Mirando al mar

Siento su aroma cuando aún quedan kilómetros para alcanzar la costa. Es un llenarse de aire impregnado de salitre húmedo y cálido.
Cuando comienzo a divisarlo, se dibuja en mi rostro una sonrisa ilusionada e infantil igual pero distinta cada vez. Me lleno de una extraña calma que serena mi espíritu. Ver esa superficie líquida y danzarina desplegando todo un abanico de tonalidades azules me acaricia el alma y cuando por fin me llega su sonido... ¡ay, su sonido!. Ese batir de agua, ese rugido sofocado que llega a la orilla transformado en un sugerente susurro de promesas, roto por el lenguaje de las gaviotas que sobrevuelan su superficie y se posan en la arena.
Cautivarse con la pleamar tras ver como donde antes todo eran restos de algas, barro y barcas encalladas incluso algún perro corriendo en libertad se eleva metros sobre el suelo como intentando alcanzar el cielo en un lento correr de horas.

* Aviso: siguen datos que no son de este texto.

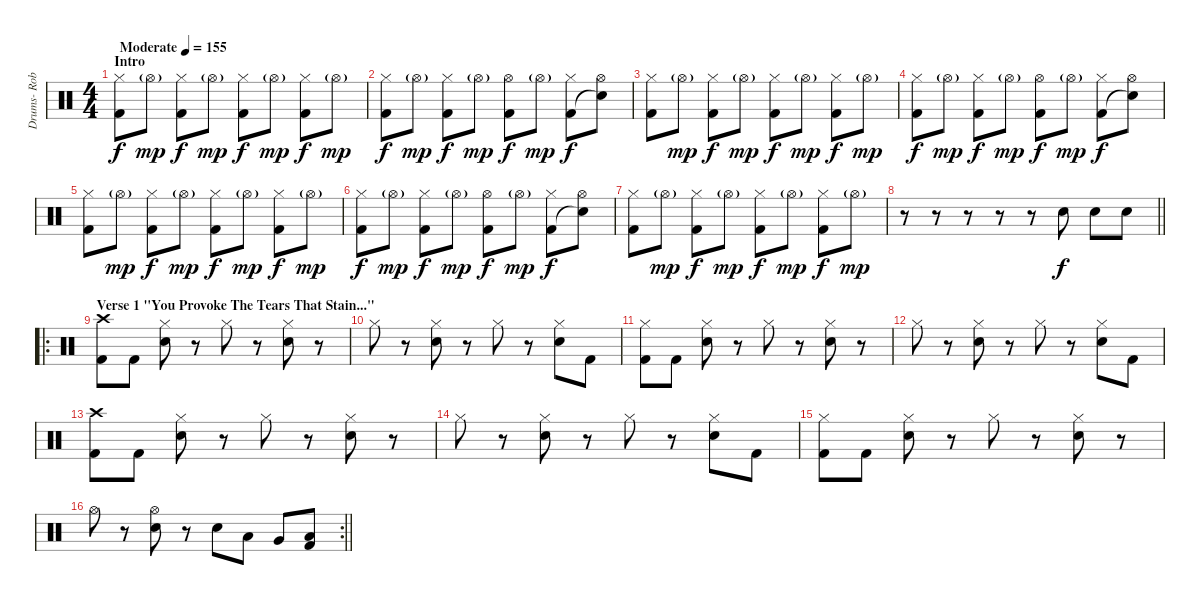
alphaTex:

\track ("Drums- Rob Rolfe" "Drums- Rob") {instrument percussion}
\staff {score}
\articulation defaults
\ts (4 4)
\section ("" "Intro")
\tempo (155 "Moderate")
\clef neutral
\ks c
("Hi-Hat (closed)" "Kick (hit) 2").8{dy f} "Hi-Hat (open)"{g}.8{dy mp} ("Hi-Hat (closed)" "Kick (hit) 2").8{dy f} "Hi-Hat (open)"{g}.8{dy mp} ("Hi-Hat (closed)" "Kick (hit) 2").8{dy f} "Hi-Hat (open)"{g}.8{dy mp} ("Hi-Hat (closed)" "Kick (hit) 2").8{dy f} "Hi-Hat (open)"{g}.8{dy mp} |
("Hi-Hat (closed)" "Kick (hit) 2").8{dy f} "Hi-Hat (open)"{g}.8{dy mp} ("Hi-Hat (closed)" "Kick (hit) 2").8{dy f} "Hi-Hat (open)"{g}.8{dy mp} ("Hi-Hat (open)" "Kick (hit) 2").8{dy f} "Hi-Hat (open)"{g}.8{dy mp} ("Hi-Hat (closed)" "Kick (hit) 2").8{dy f} ("Hi-Hat (open)" "Snare (hit)"{t}).8 |
("Hi-Hat (closed)" "Kick (hit) 2").8 "Hi-Hat (open)"{g}.8{dy mp} ("Hi-Hat (closed)" "Kick (hit) 2").8{dy f} "Hi-Hat (open)"{g}.8{dy mp} ("Hi-Hat (closed)" "Kick (hit) 2").8{dy f} "Hi-Hat (open)"{g}.8{dy mp} ("Hi-Hat (closed)" "Kick (hit) 2").8{dy f} "Hi-Hat (open)"{g}.8{dy mp} |
("Hi-Hat (closed)" "Kick (hit) 2").8{dy f} "Hi-Hat (open)"{g}.8{dy mp} ("Hi-Hat (closed)" "Kick (hit) 2").8{dy f} "Hi-Hat (open)"{g}.8{dy mp} ("Hi-Hat (open)" "Kick (hit) 2").8{dy f} "Hi-Hat (open)"{g}.8{dy mp} ("Hi-Hat (closed)" "Kick (hit) 2").8{dy f} ("Hi-Hat (open)" "Snare (hit)"{t}).8 |
("Hi-Hat (closed)" "Kick (hit) 2").8 "Hi-Hat (open)"{g}.8{dy mp} ("Hi-Hat (closed)" "Kick (hit) 2").8{dy f} "Hi-Hat (open)"{g}.8{dy mp} ("Hi-Hat (closed)" "Kick (hit) 2").8{dy f} "Hi-Hat (open)"{g}.8{dy mp} ("Hi-Hat (closed)" "Kick (hit) 2").8{dy f} "Hi-Hat (open)"{g}.8{dy mp} |
("Hi-Hat (closed)" "Kick (hit) 2").8{dy f} "Hi-Hat (open)"{g}.8{dy mp} ("Hi-Hat (closed)" "Kick (hit) 2").8{dy f} "Hi-Hat (open)"{g}.8{dy mp} ("Hi-Hat (open)" "Kick (hit) 2").8{dy f} "Hi-Hat (open)"{g}.8{dy mp} ("Hi-Hat (closed)" "Kick (hit) 2").8{dy f} ("Hi-Hat (open)" "Snare (hit)"{t}).8 |
("Hi-Hat (closed)" "Kick (hit) 2").8 "Hi-Hat (open)"{g}.8{dy mp} ("Hi-Hat (closed)" "Kick (hit) 2").8{dy f} "Hi-Hat (open)"{g}.8{dy mp} ("Hi-Hat (closed)" "Kick (hit) 2").8{dy f} "Hi-Hat (open)"{g}.8{dy mp} ("Hi-Hat (closed)" "Kick (hit) 2").8{dy f} "Hi-Hat (open)"{g}.8{dy mp} |
\barLineRight lightlight
r.8 r.8 r.8 r.8 r.8 "Snare (hit) 2".8{dy f} "Snare (hit) 2".8 "Snare (hit) 2".8 |
\ro
\section ("" "Verse 1 \"You Provoke The Tears That Stain...\"")
("Crash high (hit)" "Kick (hit) 2").8 "Kick (hit) 2".8 ("Hi-Hat (closed)" "Snare (hit) 2").8 r.8 "Hi-Hat (closed)".8 r.8 ("Hi-Hat (closed)" "Snare (hit) 2").8 r.8 |
"Hi-Hat (closed)".8 r.8 ("Hi-Hat (closed)" "Snare (hit) 2").8 r.8 "Hi-Hat (closed)".8 r.8 ("Hi-Hat (closed)" "Snare (hit) 2").8 "Kick (hit) 2".8 |
("Hi-Hat (closed)" "Kick (hit) 2").8 "Kick (hit) 2".8 ("Hi-Hat (closed)" "Snare (hit) 2").8 r.8 "Hi-Hat (closed)".8 r.8 ("Hi-Hat (closed)" "Snare (hit) 2").8 r.8 |
"Hi-Hat (closed)".8 r.8 ("Hi-Hat (closed)" "Snare (hit) 2").8 r.8 "Hi-Hat (closed)".8 r.8 ("Hi-Hat (closed)" "Snare (hit) 2").8 "Kick (hit) 2".8 |
("Crash high (hit)" "Kick (hit) 2").8 "Kick (hit) 2".8 ("Hi-Hat (closed)" "Snare (hit) 2").8 r.8 "Hi-Hat (closed)".8 r.8 ("Hi-Hat (closed)" "Snare (hit) 2").8 r.8 |
"Hi-Hat (closed)".8 r.8 ("Hi-Hat (closed)" "Snare (hit) 2").8 r.8 "Hi-Hat (closed)".8 r.8 ("Hi-Hat (closed)" "Snare (hit) 2").8 "Kick (hit) 2".8 |
("Hi-Hat (closed)" "Kick (hit) 2").8 "Kick (hit) 2".8 ("Hi-Hat (closed)" "Snare (hit) 2").8 r.8 "Hi-Hat (closed)".8 r.8 ("Hi-Hat (closed)" "Snare (hit) 2").8 r.8 |
\rc 2
\barLineRight lightlight "Hi-Hat (open)".8
r.8 ("Hi-Hat (open)" "Snare (hit) 2").8 r.8 "Snare (hit) 2".8 "Low Tom (hit)".8 "Very Low Tom (hit)".8 ("Low Floor Tom (hit)" "Kick (hit) 2").8

Sentir la arena tibia de la tarde en los pies descalzos que dejan huellas que se deshacen entre espuma blanca.
Dejarse acariciar por el agua y sumergirse para bautizarse en ella naciendo a una nueva vida. La misma vida pero bendecida por Neptuno.
Perder la mirada en la línea del horizonte sin alcanzar a ver un final.
Rescatar de la arena las conchas que el agua deposita como regalo por nuestra presencia.
Mirando al mar siempre como poseídos por un mágico sortilegio que sólo se rompe cuando al abrir los ojos es asfalto lo que vemos.